--- START ---

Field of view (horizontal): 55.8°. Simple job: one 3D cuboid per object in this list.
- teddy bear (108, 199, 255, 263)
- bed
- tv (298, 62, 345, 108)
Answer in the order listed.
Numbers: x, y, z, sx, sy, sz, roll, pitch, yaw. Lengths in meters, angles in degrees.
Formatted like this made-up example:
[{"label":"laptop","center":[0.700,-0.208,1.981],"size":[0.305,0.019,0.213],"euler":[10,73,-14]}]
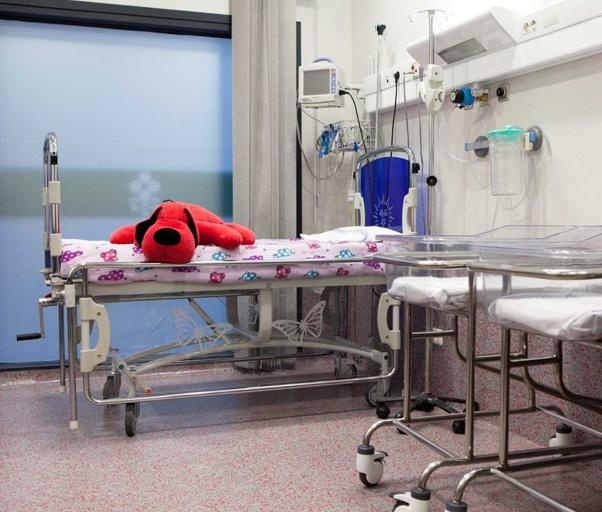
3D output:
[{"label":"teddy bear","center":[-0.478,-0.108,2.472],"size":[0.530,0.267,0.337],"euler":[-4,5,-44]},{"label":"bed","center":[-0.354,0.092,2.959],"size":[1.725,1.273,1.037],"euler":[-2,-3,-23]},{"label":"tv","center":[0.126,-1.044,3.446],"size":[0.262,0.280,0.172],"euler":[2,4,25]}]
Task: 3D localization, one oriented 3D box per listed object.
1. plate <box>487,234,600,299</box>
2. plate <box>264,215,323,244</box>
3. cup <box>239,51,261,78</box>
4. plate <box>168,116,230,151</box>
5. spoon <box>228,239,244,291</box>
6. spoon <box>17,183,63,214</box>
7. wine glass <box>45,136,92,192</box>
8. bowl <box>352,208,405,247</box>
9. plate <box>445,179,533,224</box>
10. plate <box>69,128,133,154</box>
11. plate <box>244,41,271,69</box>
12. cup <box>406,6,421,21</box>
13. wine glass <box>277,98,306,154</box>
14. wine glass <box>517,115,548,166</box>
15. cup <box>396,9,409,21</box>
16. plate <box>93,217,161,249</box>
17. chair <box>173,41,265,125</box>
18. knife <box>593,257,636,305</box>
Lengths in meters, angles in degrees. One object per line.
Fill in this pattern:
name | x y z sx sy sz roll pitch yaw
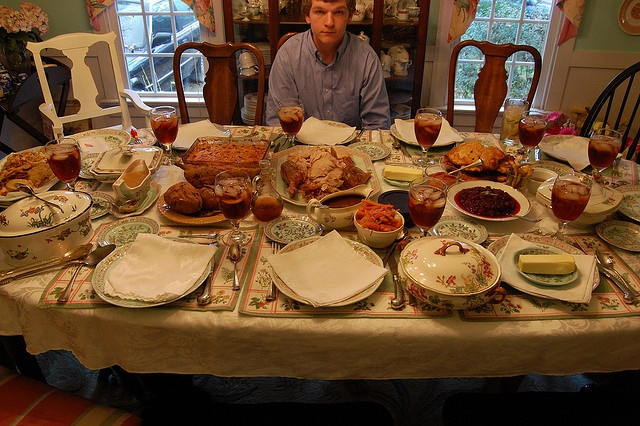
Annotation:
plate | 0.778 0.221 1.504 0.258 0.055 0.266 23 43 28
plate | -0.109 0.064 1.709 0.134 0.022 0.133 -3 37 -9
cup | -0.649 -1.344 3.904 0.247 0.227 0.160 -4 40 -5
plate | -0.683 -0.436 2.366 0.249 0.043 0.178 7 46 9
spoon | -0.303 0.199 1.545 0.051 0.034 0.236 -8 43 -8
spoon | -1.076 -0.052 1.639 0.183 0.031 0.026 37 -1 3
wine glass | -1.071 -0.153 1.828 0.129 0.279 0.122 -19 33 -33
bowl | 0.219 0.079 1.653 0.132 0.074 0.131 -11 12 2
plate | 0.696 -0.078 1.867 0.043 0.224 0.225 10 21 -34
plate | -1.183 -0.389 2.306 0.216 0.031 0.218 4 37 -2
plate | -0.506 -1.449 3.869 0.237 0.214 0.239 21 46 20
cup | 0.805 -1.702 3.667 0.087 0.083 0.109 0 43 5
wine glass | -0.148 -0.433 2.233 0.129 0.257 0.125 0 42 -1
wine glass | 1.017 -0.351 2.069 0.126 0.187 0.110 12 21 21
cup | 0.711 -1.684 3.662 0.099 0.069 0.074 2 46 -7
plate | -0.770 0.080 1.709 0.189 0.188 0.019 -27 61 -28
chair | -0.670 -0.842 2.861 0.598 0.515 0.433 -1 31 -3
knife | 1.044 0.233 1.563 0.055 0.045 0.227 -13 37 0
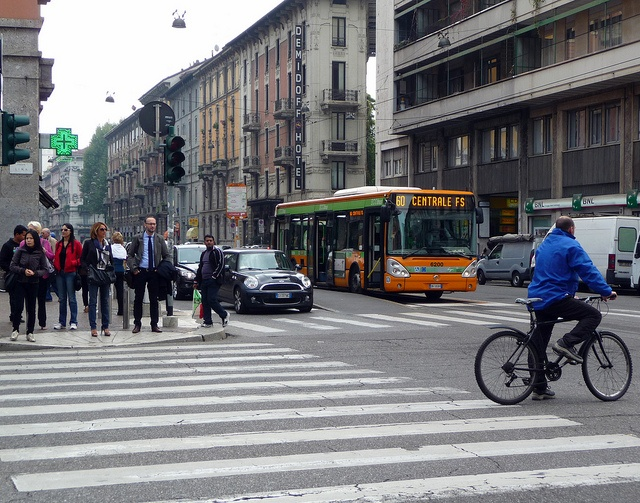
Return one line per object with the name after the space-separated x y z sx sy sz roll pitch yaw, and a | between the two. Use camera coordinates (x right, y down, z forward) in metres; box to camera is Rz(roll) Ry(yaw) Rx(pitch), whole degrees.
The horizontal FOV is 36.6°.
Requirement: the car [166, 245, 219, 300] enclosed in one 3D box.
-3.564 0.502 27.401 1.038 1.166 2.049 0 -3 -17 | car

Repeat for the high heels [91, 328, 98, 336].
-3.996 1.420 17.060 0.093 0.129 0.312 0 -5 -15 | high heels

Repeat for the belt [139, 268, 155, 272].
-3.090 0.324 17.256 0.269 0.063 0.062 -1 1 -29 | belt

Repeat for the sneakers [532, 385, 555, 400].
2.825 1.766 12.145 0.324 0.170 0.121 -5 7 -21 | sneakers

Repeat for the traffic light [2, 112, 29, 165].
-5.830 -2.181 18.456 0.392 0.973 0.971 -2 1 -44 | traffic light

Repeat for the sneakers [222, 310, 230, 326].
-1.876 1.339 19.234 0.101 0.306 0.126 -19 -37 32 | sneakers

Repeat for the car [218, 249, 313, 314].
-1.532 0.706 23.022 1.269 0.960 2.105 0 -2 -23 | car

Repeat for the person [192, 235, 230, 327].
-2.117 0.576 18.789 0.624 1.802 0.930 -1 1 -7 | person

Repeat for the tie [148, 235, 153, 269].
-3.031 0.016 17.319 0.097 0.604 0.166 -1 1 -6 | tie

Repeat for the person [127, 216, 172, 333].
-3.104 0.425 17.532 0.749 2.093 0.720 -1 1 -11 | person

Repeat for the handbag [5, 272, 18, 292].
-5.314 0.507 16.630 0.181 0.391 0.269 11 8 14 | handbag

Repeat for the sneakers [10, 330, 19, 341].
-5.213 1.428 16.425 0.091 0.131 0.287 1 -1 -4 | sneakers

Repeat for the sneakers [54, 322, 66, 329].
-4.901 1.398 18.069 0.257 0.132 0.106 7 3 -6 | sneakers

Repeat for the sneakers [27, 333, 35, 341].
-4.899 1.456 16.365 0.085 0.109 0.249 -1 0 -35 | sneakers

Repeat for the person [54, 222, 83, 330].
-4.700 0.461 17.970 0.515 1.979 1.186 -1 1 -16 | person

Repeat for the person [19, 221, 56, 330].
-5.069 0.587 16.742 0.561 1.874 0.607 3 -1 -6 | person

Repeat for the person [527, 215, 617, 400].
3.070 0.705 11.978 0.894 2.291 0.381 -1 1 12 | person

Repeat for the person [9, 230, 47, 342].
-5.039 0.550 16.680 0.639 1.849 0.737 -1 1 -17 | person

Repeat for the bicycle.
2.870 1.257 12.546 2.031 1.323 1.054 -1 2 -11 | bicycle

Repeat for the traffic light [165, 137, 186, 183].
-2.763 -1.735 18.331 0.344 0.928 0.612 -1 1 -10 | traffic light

--- END ---

Work to be completed:
From the line containing "Repeat for the person [527, 215, 617, 400]." down to the last line of the material, each line is to be retyped exactly; no other lines belong in the answer.

Expected answer:
Repeat for the person [527, 215, 617, 400].
3.070 0.705 11.978 0.894 2.291 0.381 -1 1 12 | person

Repeat for the person [9, 230, 47, 342].
-5.039 0.550 16.680 0.639 1.849 0.737 -1 1 -17 | person

Repeat for the bicycle.
2.870 1.257 12.546 2.031 1.323 1.054 -1 2 -11 | bicycle

Repeat for the traffic light [165, 137, 186, 183].
-2.763 -1.735 18.331 0.344 0.928 0.612 -1 1 -10 | traffic light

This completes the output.